An amusing, and IMHO not too unlikely, take on what the Nanny State will look like in the next ten years.
Sir – Further to your recent correspondence, I welcome proposals by the Government to place a CCTV camera in every household fridge. How else are we to stop the forward march of clinical obesity?
The innocent have nothing to fear. Those existing on a balanced diet, including plenty of fresh fruit and vegetables, need not expect a visit from the health inspectorate. It is only those who flout the Government’s health guidelines by stocking up on too many fatty foods – butter, clotted cream, full-fat milk, cakes, fizzy drink etc, etc – who will find themselves in court.
Those of your correspondents who remain opposed to CCTV cameras in the fridge are living in cloud-cuckoo land. They are the sort of people who, five years ago, would have opposed our introduction of CCTV in the car.
Yet today statistics show that this innovation has led to a sharp drop in seat-belt crime, and a 50 per cent rise in prosecutions for talking, whistling or singing whilst driving. The benefits are incalculable.
Lord Blair of Great Ham
While this sounds rather over the top pause and consider the lawsuits against McDonalds, the various pieces of legislation to forcibly prevent people from engaging in certain types of behavior such as drinking sodas, and so forth.
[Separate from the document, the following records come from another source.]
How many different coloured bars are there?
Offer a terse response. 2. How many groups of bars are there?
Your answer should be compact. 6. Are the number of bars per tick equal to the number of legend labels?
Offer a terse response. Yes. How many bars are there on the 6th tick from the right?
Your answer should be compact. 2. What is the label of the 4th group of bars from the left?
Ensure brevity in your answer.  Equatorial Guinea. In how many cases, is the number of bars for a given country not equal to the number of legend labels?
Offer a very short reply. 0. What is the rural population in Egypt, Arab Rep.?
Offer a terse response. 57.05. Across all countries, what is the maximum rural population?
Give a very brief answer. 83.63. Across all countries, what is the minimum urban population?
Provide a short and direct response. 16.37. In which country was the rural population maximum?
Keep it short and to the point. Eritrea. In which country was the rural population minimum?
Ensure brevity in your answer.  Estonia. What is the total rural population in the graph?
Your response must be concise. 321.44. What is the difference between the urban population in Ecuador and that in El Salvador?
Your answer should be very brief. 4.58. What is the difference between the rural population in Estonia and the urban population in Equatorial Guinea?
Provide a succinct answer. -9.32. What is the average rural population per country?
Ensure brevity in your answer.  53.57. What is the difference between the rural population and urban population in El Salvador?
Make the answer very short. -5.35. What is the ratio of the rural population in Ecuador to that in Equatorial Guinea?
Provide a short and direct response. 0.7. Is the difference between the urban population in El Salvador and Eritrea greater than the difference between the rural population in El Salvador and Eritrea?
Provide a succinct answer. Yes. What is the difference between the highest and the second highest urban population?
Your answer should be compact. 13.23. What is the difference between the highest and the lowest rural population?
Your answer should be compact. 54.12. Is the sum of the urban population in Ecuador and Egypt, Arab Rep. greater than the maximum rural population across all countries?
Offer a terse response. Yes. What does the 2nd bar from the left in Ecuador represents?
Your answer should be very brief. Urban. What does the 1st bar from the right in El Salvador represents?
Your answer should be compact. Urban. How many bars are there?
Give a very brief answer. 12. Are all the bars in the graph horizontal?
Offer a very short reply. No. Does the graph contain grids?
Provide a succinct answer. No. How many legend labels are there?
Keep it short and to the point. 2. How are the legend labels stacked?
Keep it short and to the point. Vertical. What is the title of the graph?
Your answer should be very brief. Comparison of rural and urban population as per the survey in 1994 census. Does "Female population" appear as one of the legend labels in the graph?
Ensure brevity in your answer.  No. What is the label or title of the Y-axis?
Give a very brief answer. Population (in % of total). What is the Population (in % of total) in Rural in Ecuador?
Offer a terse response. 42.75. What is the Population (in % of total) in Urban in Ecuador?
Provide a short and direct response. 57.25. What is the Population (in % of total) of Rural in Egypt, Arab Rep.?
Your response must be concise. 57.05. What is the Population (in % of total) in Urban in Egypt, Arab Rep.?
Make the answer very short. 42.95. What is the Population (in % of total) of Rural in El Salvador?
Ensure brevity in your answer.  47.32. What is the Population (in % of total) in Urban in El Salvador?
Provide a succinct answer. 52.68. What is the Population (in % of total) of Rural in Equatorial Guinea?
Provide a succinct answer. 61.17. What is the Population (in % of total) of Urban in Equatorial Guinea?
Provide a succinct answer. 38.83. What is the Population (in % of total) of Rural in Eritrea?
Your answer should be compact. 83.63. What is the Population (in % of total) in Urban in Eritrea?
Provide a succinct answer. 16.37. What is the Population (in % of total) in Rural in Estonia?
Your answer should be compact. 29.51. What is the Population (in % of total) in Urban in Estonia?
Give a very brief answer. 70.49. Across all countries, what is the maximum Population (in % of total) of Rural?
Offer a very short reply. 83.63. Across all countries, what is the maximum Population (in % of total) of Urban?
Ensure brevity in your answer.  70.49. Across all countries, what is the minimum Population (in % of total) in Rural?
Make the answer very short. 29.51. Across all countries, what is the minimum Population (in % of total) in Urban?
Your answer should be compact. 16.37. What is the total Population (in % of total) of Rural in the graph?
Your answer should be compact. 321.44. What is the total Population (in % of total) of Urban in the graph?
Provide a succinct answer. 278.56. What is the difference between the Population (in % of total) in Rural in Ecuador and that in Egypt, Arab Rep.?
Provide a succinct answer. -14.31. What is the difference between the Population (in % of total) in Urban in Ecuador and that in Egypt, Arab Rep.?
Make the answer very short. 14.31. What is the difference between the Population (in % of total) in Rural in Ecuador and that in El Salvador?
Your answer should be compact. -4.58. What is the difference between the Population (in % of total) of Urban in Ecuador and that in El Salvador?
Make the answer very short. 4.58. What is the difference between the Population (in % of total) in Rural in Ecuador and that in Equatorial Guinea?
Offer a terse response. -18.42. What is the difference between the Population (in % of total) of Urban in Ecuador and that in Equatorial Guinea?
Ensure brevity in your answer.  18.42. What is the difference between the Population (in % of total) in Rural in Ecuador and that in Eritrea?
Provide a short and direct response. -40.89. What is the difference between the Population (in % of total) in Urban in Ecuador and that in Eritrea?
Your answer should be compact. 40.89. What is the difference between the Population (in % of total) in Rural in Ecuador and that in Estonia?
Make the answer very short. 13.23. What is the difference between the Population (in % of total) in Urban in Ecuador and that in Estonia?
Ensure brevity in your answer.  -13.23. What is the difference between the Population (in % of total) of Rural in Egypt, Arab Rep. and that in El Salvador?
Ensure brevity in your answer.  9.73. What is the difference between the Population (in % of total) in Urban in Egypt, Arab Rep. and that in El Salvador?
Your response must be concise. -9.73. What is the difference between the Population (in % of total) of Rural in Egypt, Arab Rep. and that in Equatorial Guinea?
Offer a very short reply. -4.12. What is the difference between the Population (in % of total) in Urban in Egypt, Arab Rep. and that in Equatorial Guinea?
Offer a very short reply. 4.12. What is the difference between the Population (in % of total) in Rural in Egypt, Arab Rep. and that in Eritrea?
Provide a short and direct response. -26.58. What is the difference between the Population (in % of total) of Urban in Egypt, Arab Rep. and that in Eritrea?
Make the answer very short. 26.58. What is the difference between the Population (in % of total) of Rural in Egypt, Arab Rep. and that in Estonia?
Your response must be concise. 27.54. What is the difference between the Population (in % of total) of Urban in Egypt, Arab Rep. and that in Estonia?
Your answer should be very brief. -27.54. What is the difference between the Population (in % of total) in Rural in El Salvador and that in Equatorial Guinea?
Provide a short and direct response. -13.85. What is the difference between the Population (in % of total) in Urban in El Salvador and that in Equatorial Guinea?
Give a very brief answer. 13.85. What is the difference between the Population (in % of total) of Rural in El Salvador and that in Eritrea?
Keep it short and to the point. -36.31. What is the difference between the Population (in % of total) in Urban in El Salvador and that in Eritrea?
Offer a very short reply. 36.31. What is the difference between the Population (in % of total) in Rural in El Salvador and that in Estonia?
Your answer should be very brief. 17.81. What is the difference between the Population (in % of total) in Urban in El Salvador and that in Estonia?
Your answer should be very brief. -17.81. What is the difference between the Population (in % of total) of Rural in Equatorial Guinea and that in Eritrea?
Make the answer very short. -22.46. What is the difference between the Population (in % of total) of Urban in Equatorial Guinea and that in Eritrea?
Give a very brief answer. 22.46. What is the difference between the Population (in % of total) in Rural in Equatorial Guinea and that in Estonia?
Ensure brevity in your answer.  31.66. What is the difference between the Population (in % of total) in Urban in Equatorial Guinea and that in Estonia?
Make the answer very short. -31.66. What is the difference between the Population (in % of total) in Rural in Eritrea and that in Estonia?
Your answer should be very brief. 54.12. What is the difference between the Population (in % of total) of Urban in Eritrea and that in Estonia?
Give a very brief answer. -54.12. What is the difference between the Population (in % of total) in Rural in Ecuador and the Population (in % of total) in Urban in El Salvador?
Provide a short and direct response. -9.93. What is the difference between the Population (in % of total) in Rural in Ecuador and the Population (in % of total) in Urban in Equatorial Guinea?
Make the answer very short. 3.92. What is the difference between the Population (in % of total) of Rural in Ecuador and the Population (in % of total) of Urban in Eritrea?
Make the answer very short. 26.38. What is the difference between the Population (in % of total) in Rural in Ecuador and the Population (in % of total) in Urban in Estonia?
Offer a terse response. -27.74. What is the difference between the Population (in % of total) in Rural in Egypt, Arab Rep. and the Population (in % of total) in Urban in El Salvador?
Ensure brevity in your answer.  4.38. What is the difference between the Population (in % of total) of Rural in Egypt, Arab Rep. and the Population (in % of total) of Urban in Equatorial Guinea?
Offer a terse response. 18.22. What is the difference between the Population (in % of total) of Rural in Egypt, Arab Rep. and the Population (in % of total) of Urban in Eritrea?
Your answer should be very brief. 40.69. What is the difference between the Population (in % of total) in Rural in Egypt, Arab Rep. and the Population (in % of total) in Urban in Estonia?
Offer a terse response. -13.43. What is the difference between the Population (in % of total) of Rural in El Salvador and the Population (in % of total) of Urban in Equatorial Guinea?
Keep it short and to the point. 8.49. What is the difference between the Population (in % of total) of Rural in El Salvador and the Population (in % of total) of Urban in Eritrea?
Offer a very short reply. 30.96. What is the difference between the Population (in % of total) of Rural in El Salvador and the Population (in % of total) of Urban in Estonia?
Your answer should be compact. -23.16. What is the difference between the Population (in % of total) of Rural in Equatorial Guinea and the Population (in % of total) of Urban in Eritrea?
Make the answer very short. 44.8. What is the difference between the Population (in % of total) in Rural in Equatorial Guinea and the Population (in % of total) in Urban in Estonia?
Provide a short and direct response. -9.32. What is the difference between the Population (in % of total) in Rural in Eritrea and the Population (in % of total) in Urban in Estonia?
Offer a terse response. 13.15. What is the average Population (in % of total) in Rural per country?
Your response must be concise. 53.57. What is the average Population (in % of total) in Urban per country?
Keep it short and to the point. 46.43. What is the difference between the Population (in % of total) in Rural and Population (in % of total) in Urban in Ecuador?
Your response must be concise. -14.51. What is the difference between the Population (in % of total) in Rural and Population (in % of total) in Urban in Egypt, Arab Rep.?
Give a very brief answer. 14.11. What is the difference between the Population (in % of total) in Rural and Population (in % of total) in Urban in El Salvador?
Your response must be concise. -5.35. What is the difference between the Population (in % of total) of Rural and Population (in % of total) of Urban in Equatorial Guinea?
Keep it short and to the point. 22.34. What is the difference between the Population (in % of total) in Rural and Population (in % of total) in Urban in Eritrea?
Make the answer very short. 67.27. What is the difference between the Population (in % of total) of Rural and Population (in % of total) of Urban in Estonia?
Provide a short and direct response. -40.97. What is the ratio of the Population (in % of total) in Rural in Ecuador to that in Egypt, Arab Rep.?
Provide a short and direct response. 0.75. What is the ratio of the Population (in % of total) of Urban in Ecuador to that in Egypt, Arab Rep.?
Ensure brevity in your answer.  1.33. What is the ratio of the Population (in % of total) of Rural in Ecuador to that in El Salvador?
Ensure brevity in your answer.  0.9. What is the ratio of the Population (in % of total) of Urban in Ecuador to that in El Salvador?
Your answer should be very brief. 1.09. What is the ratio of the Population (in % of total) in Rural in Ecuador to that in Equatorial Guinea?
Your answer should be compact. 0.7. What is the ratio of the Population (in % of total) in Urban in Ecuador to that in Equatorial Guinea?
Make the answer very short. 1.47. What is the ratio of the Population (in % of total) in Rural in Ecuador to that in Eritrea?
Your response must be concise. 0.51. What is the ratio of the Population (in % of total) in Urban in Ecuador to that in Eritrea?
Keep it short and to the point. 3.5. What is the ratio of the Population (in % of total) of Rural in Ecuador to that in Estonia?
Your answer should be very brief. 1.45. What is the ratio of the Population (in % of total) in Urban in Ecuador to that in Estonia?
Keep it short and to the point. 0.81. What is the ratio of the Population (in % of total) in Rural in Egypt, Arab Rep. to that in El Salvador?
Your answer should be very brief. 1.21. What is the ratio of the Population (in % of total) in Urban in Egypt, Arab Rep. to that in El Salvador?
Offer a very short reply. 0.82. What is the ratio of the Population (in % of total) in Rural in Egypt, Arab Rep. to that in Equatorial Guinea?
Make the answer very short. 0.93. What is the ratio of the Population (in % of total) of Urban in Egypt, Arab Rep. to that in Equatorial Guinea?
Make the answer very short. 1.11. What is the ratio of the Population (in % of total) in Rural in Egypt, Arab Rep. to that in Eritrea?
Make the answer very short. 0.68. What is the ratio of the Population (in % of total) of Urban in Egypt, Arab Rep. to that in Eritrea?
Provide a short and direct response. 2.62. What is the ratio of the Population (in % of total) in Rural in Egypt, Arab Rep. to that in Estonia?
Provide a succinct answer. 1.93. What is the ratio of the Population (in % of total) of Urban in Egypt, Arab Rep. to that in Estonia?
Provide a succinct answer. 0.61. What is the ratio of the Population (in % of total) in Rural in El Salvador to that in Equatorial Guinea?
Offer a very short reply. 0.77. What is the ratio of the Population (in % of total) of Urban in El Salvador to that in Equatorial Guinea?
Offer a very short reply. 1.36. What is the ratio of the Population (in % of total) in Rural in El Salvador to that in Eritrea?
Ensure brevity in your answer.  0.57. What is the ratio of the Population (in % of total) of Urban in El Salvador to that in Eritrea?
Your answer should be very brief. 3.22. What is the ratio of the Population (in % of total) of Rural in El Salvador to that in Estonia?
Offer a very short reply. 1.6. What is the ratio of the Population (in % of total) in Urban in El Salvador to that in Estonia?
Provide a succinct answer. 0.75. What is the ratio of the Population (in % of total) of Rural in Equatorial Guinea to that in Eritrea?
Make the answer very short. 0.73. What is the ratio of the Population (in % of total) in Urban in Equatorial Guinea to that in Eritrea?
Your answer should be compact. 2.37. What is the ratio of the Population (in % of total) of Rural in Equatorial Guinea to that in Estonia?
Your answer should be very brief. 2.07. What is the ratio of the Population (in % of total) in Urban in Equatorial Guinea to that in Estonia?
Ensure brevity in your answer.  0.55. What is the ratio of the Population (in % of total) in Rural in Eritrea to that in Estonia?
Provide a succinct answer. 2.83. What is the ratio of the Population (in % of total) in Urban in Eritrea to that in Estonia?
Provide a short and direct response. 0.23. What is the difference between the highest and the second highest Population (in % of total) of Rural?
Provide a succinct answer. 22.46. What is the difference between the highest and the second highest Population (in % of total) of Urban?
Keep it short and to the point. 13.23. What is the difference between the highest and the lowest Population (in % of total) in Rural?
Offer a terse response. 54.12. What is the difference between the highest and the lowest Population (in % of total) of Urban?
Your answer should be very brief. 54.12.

Sir – To my horror, while watching an old DVD of the series World at War, I noticed that Winston Churchill was shown puffing on a large cigar, whilst Adolf Hitler, a dedicated non-smoker, was revealed as having lost the war.
This is sending out all the wrong signals to our children. Something must be done. Either, World at War must be re-edited, showing Hitler brandishing a cigar and Churchill as a non-smoker, or the ending of the war should be altered, with the non-smoker Hitler winning.
Baroness Hewitt of Bagshot
Given some of the other dopey things I’ve seen anti-smoking zealots endorse, this doesn’t strike me as all that implausible either.
Sir – Am I alone in wondering whether the spread of CCTV may have gone too far? Lying in my bath the other day, a voice came over the loud-speaker in the tap (which is now, as you know, a legal requirement) asking me to clean behind my ears. It seems to me that the insertion of CCTV in the bathroom is an infringement of civil liberties, and one step too many.
Jemima Askin
Clearly Jemima needs to be sent to a re-education camp.